Four network measures-clustering coefficient, Cp; characteristic path length, Lp; small world-ness parameters, σ; and global efficiency, Eglob were calculated to analyze the differences between normal and SCI patients. Clustering coefficient of a node i (Ci) is defined as the ratio of the number of connections between the neighbors of ROI i and the total number of possible connections between its neighbors.

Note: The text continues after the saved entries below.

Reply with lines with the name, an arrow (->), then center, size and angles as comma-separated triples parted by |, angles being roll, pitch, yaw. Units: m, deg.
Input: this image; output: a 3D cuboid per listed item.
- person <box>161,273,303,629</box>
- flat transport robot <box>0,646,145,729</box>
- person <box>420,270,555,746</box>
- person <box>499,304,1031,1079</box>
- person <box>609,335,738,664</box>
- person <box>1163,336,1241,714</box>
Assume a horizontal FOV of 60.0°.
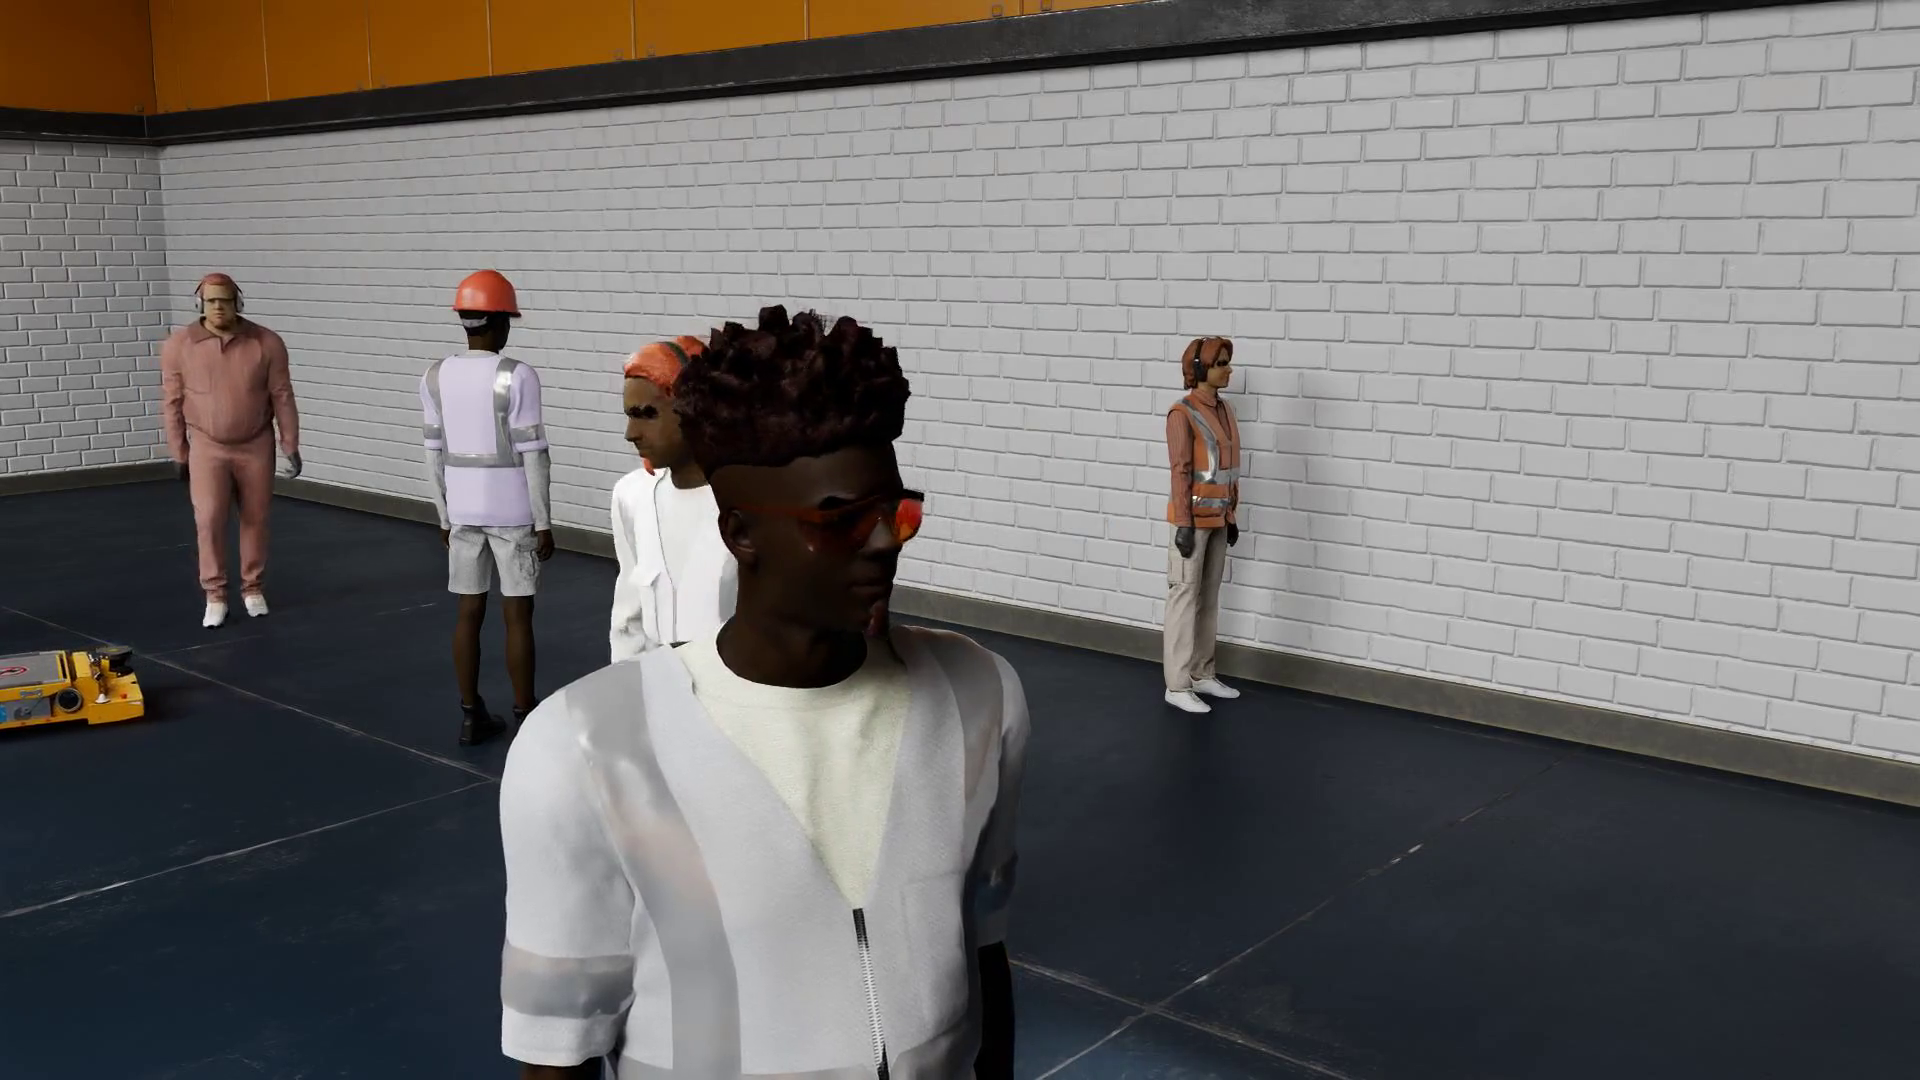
person -> -3.895, -0.479, 8.952 | 0.660, 1.885, 0.709 | -5, 11, -27
flat transport robot -> -4.250, 0.673, 6.987 | 1.431, 0.197, 0.652 | -6, 11, -29
person -> -1.876, -0.113, 6.721 | 0.542, 1.936, 0.362 | 3, 10, 17
person -> -0.170, 0.740, 1.793 | 0.614, 1.958, 0.361 | -6, 12, -32
person -> -0.508, 0.447, 3.841 | 0.625, 1.834, 1.012 | 8, 13, 38
person -> 1.068, -0.071, 7.335 | 0.308, 1.639, 0.514 | 7, 12, 33

Clustering coefficient for a network (Cp) is defined as the average Ci from entire nodes in the network and characteristic path length (Lp) is the mean the shortest distance between any two nodes in the network [22]. Global efficiency of the network (Eglob) was defined as the average inverse shortest path length for all node-node pairs in the network [23]. To examine the small-world properties, the normalized parameters γ=Cpreal/Cprand and λ=Lpreal/Lprand were computed [22]. A network is considered as a small-world network if it shows much higher Cp (γ>1) while similar Lp (λ≈1) in comparison with the matched random network. That is, small-world index σ=γ/λ is greater than 1 [24]. In the random networks, each edge was rewired 1,000 times and an average of 100. Small-worldness tests were done repeatedly over a range of density (Fig. 1). The comparison of network parameters between controls and SCIs was performed using a two-tailed two-sample t test (p<0.05). We did not make any correction for multiple comparisons because we tried to explore the general trends of between-group differences through the wide range of density level.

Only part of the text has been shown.